Actress Lee Young-ae comes roaring back to the screen with this intense thriller.
Kim Seung-woo’s debut feature special enough to lure Lee Young-ae back to the big screen (her last role being Park Chan-wook’s Lady Vengeance). Bring Me Home proves that in every way is a fitting return for this amazing actress.
Jung-yeon (Lee Young-ae) a woman who when she isn’t a Nurse in the ER is looking for her missing Son. Six years have passed and even her estranged husband is beginning to give up hope. A series of tragic events bring Jung-yeon into the circle of a Fishing Community, specifically a family that bears a striking resemblance to her son. With nothing but her unwavering determination, Jung-yeon seeks to find the truth no matter that a violent corrupt cop, child-abusing men and women stand in her way.
Upfront trigger warning this film shows with stark clarity abuse (in all its forms) towards children. If this is something that one cannot stand to watch, please stay clear.
That being said, Bring Me Home is one of the tensest and harrowing thrillers one will see this year or any year. Director Kim’s film is built in a way that throws the rug out from under you very early and never lets you settle into a comfortable viewing. If anything, the film continually tightens its noose around the viewer until its amazing third act finale.
It is no small affair that Lee Young-ae has decided to work again in film. The actor’s work in Lady Vengeance counts as some of the best work of the 2000s (yes, the last twenty years if you have not seen the film, you must). As Jung-yeon there is a very different take on the thriller, one that at first audiences may not be accustomed to. There is a frailty and a sense of grief that runs through the performance that adds of concern. Like the deer that someone cuts and kills in the film, Jung-yeon seems defenseless, like a light breeze would topple her over. It is in this zone that Lee creates an indelible character that by the end you are both scared for and rooting for.

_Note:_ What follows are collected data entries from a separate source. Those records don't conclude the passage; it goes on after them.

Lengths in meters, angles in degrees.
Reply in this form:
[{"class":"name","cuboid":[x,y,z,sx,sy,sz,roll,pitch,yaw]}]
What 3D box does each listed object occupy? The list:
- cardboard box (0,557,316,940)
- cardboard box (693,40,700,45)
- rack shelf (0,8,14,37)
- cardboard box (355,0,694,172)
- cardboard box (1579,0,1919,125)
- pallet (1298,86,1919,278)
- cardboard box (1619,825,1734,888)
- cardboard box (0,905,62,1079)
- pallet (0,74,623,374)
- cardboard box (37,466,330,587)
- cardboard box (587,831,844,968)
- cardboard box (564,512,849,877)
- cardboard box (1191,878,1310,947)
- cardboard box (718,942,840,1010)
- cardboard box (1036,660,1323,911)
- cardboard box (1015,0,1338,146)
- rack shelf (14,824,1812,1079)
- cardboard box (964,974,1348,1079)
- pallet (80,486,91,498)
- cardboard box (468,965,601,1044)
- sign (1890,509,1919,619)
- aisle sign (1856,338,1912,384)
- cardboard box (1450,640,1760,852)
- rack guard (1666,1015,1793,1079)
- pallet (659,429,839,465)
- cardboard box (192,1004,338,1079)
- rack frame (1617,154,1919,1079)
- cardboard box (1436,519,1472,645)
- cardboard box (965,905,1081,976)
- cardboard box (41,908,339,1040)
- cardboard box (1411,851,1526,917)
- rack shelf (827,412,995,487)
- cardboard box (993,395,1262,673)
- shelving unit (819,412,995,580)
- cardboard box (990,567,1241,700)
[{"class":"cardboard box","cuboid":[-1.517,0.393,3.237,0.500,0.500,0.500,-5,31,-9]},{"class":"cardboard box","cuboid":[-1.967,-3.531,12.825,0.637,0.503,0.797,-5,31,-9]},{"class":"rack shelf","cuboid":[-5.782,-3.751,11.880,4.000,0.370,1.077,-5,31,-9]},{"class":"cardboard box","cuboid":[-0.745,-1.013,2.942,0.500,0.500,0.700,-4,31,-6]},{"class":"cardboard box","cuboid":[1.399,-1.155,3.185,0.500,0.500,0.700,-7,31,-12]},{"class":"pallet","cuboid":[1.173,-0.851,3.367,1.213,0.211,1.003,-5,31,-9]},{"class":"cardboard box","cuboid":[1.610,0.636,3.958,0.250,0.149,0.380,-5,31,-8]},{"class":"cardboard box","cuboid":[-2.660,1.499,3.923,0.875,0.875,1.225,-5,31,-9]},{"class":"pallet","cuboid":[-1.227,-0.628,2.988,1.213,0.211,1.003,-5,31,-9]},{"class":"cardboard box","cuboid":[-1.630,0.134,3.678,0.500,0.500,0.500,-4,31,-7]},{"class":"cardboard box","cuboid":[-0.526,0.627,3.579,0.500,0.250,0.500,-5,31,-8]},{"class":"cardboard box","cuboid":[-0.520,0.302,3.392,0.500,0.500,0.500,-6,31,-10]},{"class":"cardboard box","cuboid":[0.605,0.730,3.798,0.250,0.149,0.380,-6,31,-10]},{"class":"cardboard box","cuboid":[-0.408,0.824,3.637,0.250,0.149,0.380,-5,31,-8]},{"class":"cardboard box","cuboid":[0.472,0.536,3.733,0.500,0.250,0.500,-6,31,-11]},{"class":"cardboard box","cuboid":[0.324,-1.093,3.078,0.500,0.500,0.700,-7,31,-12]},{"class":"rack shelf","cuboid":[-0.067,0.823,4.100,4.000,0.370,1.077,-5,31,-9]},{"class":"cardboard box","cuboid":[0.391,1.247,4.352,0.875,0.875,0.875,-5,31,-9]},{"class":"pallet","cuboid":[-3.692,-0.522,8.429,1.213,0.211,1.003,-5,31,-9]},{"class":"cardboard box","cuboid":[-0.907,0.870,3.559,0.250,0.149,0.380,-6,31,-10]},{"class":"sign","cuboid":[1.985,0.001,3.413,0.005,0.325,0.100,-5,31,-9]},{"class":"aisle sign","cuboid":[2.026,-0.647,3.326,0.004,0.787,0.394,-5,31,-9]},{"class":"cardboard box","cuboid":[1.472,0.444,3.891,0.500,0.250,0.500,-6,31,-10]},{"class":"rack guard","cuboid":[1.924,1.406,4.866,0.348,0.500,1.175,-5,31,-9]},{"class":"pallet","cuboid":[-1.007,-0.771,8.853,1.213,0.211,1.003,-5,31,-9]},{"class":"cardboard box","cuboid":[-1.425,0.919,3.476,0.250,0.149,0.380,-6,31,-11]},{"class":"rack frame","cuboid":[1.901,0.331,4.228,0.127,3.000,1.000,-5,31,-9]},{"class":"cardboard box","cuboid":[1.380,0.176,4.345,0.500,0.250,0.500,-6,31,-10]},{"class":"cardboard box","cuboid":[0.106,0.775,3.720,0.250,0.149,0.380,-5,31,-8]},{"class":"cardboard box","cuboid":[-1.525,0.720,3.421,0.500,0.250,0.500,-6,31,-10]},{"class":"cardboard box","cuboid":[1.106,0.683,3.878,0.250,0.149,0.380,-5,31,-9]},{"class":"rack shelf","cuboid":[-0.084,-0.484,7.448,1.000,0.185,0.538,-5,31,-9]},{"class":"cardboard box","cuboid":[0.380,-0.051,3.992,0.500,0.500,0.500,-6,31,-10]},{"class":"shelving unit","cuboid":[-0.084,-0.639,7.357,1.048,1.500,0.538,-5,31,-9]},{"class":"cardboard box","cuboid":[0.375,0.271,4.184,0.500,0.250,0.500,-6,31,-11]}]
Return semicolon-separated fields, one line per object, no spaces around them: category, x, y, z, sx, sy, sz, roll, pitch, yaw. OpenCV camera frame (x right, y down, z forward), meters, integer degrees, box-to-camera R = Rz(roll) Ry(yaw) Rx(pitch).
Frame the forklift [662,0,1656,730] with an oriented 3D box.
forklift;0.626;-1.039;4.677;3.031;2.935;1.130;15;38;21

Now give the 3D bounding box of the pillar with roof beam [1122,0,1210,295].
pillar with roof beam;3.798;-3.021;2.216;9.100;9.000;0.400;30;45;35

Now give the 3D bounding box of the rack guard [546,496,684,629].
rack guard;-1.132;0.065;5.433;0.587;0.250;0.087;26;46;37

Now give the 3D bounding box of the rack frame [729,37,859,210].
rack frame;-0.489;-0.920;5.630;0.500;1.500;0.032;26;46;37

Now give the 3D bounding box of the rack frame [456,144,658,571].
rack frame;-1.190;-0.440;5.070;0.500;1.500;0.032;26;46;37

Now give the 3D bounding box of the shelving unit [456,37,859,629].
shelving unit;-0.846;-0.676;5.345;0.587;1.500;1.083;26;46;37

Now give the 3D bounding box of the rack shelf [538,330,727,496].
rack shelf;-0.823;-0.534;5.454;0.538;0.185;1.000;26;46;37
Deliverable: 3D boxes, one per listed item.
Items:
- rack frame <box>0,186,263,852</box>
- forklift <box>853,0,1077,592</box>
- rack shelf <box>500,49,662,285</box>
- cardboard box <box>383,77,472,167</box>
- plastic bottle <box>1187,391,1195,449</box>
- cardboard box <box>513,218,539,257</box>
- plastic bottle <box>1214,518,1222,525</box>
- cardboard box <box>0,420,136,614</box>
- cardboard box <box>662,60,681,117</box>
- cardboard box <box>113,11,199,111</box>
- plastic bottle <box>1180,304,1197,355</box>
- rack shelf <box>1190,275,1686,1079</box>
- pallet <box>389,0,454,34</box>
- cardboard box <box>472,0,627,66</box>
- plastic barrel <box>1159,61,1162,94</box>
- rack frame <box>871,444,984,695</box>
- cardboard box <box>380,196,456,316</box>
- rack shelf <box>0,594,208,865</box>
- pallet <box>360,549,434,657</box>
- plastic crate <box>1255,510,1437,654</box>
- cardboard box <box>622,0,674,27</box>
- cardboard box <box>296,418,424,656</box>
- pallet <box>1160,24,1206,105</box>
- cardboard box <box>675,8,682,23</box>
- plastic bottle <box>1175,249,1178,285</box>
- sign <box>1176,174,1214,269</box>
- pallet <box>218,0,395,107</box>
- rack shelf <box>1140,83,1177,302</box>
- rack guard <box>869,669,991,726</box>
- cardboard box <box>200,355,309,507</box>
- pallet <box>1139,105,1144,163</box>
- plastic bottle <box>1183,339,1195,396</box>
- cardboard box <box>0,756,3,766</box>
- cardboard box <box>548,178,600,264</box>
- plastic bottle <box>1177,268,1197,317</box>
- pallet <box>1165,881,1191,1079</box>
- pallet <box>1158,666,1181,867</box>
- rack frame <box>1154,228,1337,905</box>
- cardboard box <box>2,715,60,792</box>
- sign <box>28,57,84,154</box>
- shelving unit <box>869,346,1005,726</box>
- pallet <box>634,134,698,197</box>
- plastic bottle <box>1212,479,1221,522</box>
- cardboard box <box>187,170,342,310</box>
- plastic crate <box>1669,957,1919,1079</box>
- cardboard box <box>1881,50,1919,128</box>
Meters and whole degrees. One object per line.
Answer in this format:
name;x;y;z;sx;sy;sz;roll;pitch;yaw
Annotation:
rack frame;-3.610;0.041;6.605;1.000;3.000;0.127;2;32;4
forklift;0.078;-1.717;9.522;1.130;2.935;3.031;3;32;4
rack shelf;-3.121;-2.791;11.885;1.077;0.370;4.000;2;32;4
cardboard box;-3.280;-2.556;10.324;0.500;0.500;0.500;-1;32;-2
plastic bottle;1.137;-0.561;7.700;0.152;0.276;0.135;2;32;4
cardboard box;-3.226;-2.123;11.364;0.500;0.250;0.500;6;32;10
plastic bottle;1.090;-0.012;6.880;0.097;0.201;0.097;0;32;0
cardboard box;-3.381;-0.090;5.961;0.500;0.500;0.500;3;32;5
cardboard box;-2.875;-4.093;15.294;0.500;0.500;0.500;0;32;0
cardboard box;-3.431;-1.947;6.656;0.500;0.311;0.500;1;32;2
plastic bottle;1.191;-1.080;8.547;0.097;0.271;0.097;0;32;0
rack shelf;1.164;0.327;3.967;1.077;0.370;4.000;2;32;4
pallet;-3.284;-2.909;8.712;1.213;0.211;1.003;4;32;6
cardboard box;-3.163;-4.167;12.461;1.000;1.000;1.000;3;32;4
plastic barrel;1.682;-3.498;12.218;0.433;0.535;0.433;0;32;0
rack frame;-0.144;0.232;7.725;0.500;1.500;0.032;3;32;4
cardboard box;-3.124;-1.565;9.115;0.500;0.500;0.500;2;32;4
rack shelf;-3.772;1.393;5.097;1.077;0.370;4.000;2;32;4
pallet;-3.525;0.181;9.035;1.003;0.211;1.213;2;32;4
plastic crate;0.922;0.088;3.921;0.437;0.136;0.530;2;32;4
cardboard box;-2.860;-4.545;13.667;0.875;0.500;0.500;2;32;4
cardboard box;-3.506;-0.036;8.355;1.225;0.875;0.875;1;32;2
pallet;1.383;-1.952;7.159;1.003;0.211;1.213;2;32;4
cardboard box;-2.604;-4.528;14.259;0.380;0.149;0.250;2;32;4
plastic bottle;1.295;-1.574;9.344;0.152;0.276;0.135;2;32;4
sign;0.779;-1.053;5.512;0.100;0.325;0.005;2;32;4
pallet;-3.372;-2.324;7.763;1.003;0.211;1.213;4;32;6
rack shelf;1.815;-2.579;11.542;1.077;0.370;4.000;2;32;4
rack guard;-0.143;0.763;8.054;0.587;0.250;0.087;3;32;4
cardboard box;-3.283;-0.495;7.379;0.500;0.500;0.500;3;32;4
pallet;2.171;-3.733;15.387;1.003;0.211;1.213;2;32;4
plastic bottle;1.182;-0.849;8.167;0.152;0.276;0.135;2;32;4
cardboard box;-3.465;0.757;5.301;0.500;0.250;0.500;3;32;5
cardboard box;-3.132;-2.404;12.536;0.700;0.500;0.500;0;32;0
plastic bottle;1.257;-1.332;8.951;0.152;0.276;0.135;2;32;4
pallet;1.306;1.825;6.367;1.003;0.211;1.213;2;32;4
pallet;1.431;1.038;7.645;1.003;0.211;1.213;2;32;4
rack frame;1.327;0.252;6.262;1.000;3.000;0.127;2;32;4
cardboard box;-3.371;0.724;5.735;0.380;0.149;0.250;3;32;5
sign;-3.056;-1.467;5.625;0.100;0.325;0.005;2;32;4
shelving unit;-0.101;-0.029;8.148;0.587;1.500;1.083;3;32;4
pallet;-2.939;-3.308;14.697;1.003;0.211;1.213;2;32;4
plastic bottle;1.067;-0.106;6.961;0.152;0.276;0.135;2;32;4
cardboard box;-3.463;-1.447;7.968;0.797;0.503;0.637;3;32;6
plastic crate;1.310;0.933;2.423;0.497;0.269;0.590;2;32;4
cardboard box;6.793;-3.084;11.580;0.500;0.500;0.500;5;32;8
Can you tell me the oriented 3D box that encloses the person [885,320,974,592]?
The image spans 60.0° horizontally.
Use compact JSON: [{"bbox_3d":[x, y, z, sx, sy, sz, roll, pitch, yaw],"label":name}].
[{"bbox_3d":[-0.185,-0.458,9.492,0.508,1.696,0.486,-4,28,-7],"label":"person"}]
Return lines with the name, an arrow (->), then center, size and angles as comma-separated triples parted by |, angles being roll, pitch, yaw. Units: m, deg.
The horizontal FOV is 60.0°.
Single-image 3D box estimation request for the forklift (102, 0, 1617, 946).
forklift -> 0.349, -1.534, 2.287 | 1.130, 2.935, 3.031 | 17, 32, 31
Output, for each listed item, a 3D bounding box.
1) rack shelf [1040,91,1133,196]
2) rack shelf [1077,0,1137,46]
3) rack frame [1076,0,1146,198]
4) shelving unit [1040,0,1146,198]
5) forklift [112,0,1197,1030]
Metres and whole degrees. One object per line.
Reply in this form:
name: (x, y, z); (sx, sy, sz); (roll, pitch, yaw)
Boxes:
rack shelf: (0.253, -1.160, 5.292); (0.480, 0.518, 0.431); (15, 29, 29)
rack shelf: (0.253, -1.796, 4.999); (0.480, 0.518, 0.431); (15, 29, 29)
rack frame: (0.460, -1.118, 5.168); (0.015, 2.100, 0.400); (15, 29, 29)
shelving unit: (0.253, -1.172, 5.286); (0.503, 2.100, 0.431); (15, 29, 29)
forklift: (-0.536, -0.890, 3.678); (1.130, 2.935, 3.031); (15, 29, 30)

Lee’s work would be for nothing if she did not have an able co-star and in Bring Me Home, she has several. Chief among them, Yoo Jae-myung as the small-town Police Sargent that will do anything to do away with anything that he perceives as a threat. Yoo’s performance is not villain twirling histrionics. Sgt. Hong like truly evil people is causal in his villainy and sees everything as a nuisance to his form of justice. The way that Hong in Yoo’s hands perceives himself as a just and righteous hero is one of many story points and character-rich moments in the script written by director Kim.
To say more about how everything unfolds in Bring Me Home would be to ruin one of the best thrillers of recent memory. This is the real deal. If this is the kind of material that Lee Young-ae was waiting for. Let us hope, she does not have to wait another fifteen years. Though, we will gladly wait if that’s what it takes. Bring Me Home is that good.